# 9.96 NAR and 16.24 OH NAR



## rowehessler (Oct 2, 2010)

FINALLY!
for 3x3: 
(11.43), 10.03, (9.19), 9.83, 10.02 = 9.96 NAR average
and for OH: 
16.33, 16.44, 15.96, (15.83), (18.03) = 16.24 NAR average 

sadly, no videos


----------



## StachuK1992 (Oct 2, 2010)

Good job, Rowe! I've been hoping for this thread for a while now.


----------



## Truncator (Oct 2, 2010)

Congratulations! You definitely deserve it


----------



## uberCuber (Oct 2, 2010)

wow nice job!


----------



## Anthony (Oct 2, 2010)

Syuhei's 10th with a 10.15 average now. 

Rowe's a beast.


----------



## Andrew Ricci (Oct 2, 2010)

Awesome job Rowe!


----------



## Andreaillest (Oct 2, 2010)

Congratz, Rowe!  At no videos...


----------



## oprah62 (Oct 2, 2010)

Change your sig. Wow Rowe, taking away Philip's NAR on his birthday! How rude.
Just joking, both of you guys are amazing. Congrats!
Edit: You and Breandan both got sub 10 now 
Fail brackets though. Nice consistent OH. What about other rounds?


----------



## Mr Cubism (Oct 2, 2010)

Very well deserved, congratz to the exclusive sub-10-club and top3 OH


----------



## PhillipEspinoza (Oct 2, 2010)

Congrats! It was bound to happen. You won the race too. But next week, you're going down ;p


----------



## qqwref (Oct 2, 2010)

You rock, Rowe! Awesome job, too bad there are no vids.


----------



## Dene (Oct 2, 2010)

Holy crap Rowe nice job


----------



## Weston (Oct 2, 2010)

I told you not to make the OH NAR too hard to break!
Great job Rowe


----------



## kinch2002 (Oct 2, 2010)

So about 2 hours ago I was sitting with Breandan. He was saying how Rowe had switched to a Guhong, and that he would bet on that resulting in a sub-10 average at Rowe's next competition ("because f-ii sucks"). I said that Rowe was competing today. And the rest is history...congrats btw!


----------



## Toad (Oct 3, 2010)

Incredible stuff man, nobody cares about videos really, it's the times that count!!

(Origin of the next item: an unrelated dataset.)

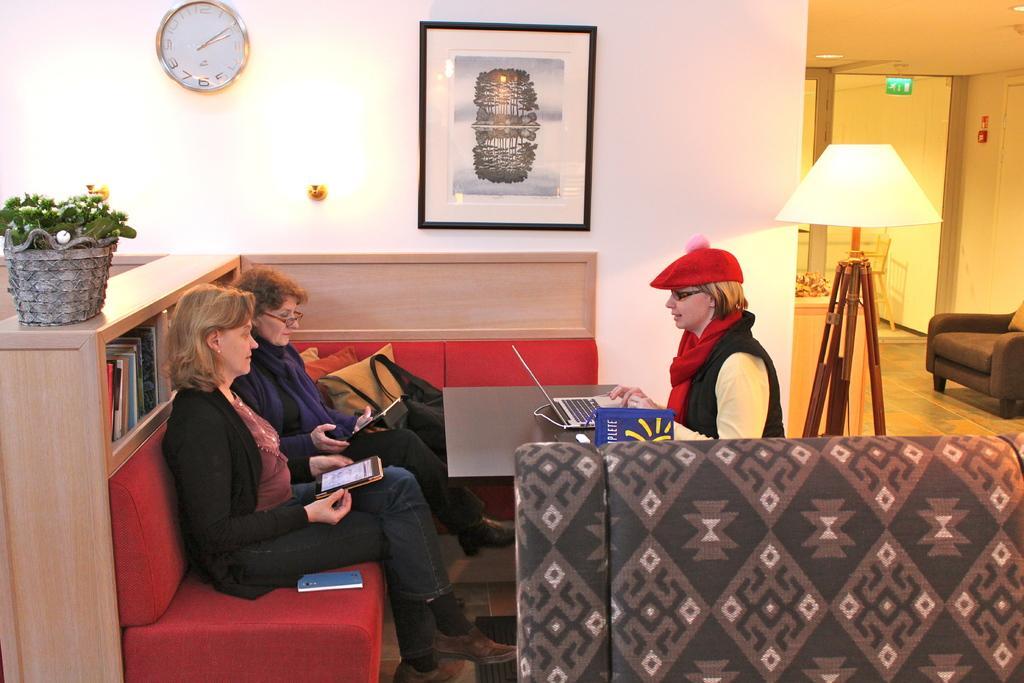Could you give a brief overview of what you see in this image? Here we can see three women sitting in front of a table present and the woman at the right is having a laptop in front of her and the both women who are sitting on the left are carrying a tablet in their hands and behind them there is a book rack and on that we can see a plant and on the wall we can see a clock and beside the clock we can see a portrait and at the right side we can see a lamp

Oh and apologise to Katie for my stalkerish comment please


----------



## Shortey (Oct 3, 2010)

Holy **** Rowe. Awesome.


----------



## Owen (Oct 3, 2010)

You're awesome!

It is kinda weird that you only got 2 sub-10 in the averge though.


----------



## That70sShowDude (Oct 3, 2010)

Good job man!


----------



## Escher (Oct 3, 2010)

I guess I won't have to punch you in the face the next time I see you 

Congrats man!

I really hope I can get somewhere close next comp...


----------



## will6680 (Oct 3, 2010)

Rowe i was there and got vids would u like me to post them?


----------



## aronpm (Oct 3, 2010)

will6680 said:


> Rowe i was there and got vids would u like me to post them?


 
YES.


----------



## Toad (Oct 3, 2010)

aronpm said:


> YES.


 
Last time I checked your name wasn't Rowe... Although I'm sure this will be his answer anyway


----------



## rowehessler (Oct 3, 2010)

videos of both NARs? that would be awesome dude thanks


----------



## will6680 (Oct 3, 2010)

http://www.youtube.com/watch?v=nZjjX1Ugzvo

... whats nar...


----------



## oprah62 (Oct 3, 2010)

You only got one solve?


----------



## will6680 (Oct 3, 2010)

i got some more gimme a sek!


----------



## rowehessler (Oct 3, 2010)

will6680 said:


> http://www.youtube.com/watch?v=nZjjX1Ugzvo
> 
> ... whats nar...



NAR stands for north american record.


----------



## will6680 (Oct 3, 2010)

oh! ok sorry i was just wondering thats pretty sweet i got three vids so yeah.


----------



## Tim Major (Oct 3, 2010)

O_O
Finally! 
Great job, it's been in waiting for a looooong time.


----------



## rowehessler (Oct 3, 2010)

will6680 said:


> oh! ok sorry i was just wondering thats pretty sweet i got three vids so yeah.


 
argh, thanks for the videos but those arent from the round where i got the north american record. These are the videos from my 10.51 average in the first round. Thanks though for the videos!


----------



## bluecloe45 (Oct 3, 2010)

i love you


----------



## Faz (Oct 3, 2010)

Nice one rowehess.


----------



## will6680 (Oct 3, 2010)

oh damn sorry! i thought they were ;/


----------



## teller (Oct 3, 2010)

Go Rowe!


----------



## incessantcheese (Oct 3, 2010)

rowehessler said:


> argh, thanks for the videos but those arent from the round where i got the north american record. These are the videos from my 10.51 average in the first round. Thanks though for the videos!


 
yeah... pretty sure nobody had a camera out for the two hand round and i don't remember any cameras for the OH round. i had my flip on me but i never took it out of my bag! whoops.


----------



## onionhoney (Oct 3, 2010)

So many guys getting sub-10 average these days...


----------



## jca11 (Oct 3, 2010)

congrats rowe..


----------



## a small kitten (Oct 3, 2010)

Ugh 16.24...one of the only things I hate about being American haha

Congrats on both averages.


----------



## ~Phoenix Death~ (Oct 3, 2010)

. Excellent job, Rowe!


----------